3°44′59.49″S 73°14′38.41″W / 3.7498583°S 73.2440028°W
The Iron House | |
---|---|
La Casa de Fierro (in Spanish) | |
Alternative names | La Maison de Fer (in French) |
General information | |
Type | House |
Location | Iquitos, Peru |
Address | between Próspero and Putumayo streets |
Current tenants | "The Café of the Amazon" (restaurant; first and second floors) |
Construction started | 1887 (creation in Belgium) |
Completed | 1889 (prefabrication state) |
Inaugurated | 1890 (built in Iquitos) |
Owner | Judith Acosta Vda. De Fortes |
Technical details | |
Structural system | Precompression |
Design and construction | |
Architect(s) | Joseph Danly |
Architecture firm | Forges d'Aiseau |
Awards and prizes | Cultural Heritage of Peru |
La Casa de Fierro (archaism, English: the Iron House, French: La Maison de Fer), located in the city of Iquitos in the jungle of Peru, in front of the major square between Próspero and Putumayo streets, is a large iron residence built during the rubber boom at the end of the nineteenth century. The house was bought by the Bolivian explorer and entrepreneur Antonio Vaca Diez.
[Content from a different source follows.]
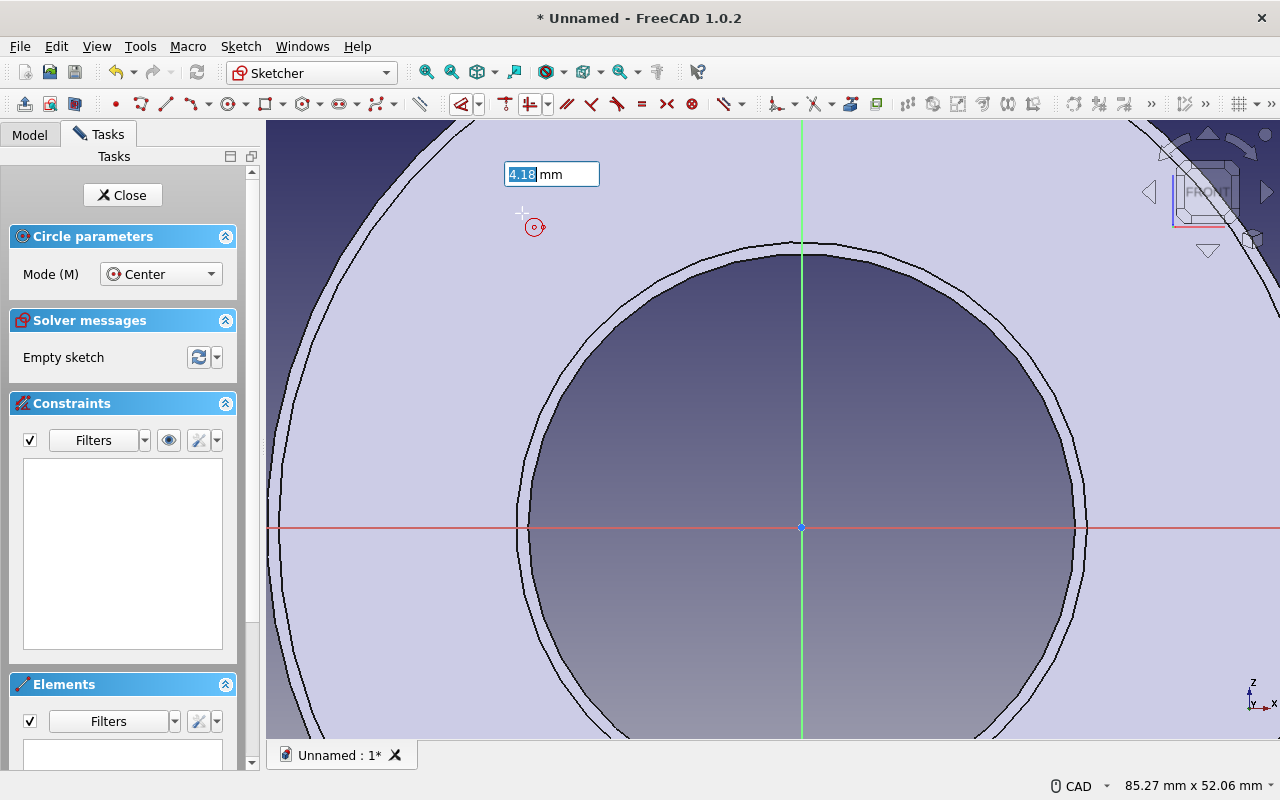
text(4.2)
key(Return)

La Casa de Fierro is one of the finest as well as best-preserved samples of civil architecture in Peru. The walls, ceiling, and balcony are plastered in rectangular sheets of iron. It is said to be the first prefabricated house in the Americas.[1] Although popularly said to have been designed by the French architect Gustave Eiffel, there is no evidence at all that this is true; the building does not reflect his architectural style.[2] Since 2011 well substantiated claims prove it was built in the Belgian workshops of Les Forges d'Aiseau (Joseph Danly process).[3] Rubber baron Anselmo del Aguila bought it at the International Exposition of Paris in 1889.[4] Once dismantled, it was brought in pieces to Iquitos (the metal sheets were carried by hundreds of men through the jungle), and assembled there in 1890.[4]
Since 1985, it is being administered by the Club Social de Iquitos; which has contributed in its restoration. Today the house is a commercial structure. It contains a restaurant, La Casa de Fierro Restaurante, on its second floor with stores on the ground level.
A fully different story of the origin of the house is told in Mario Vargas Llosa's Captain Pantoja and the Special Service (Pantaleón y las visitadoras), a comic novel.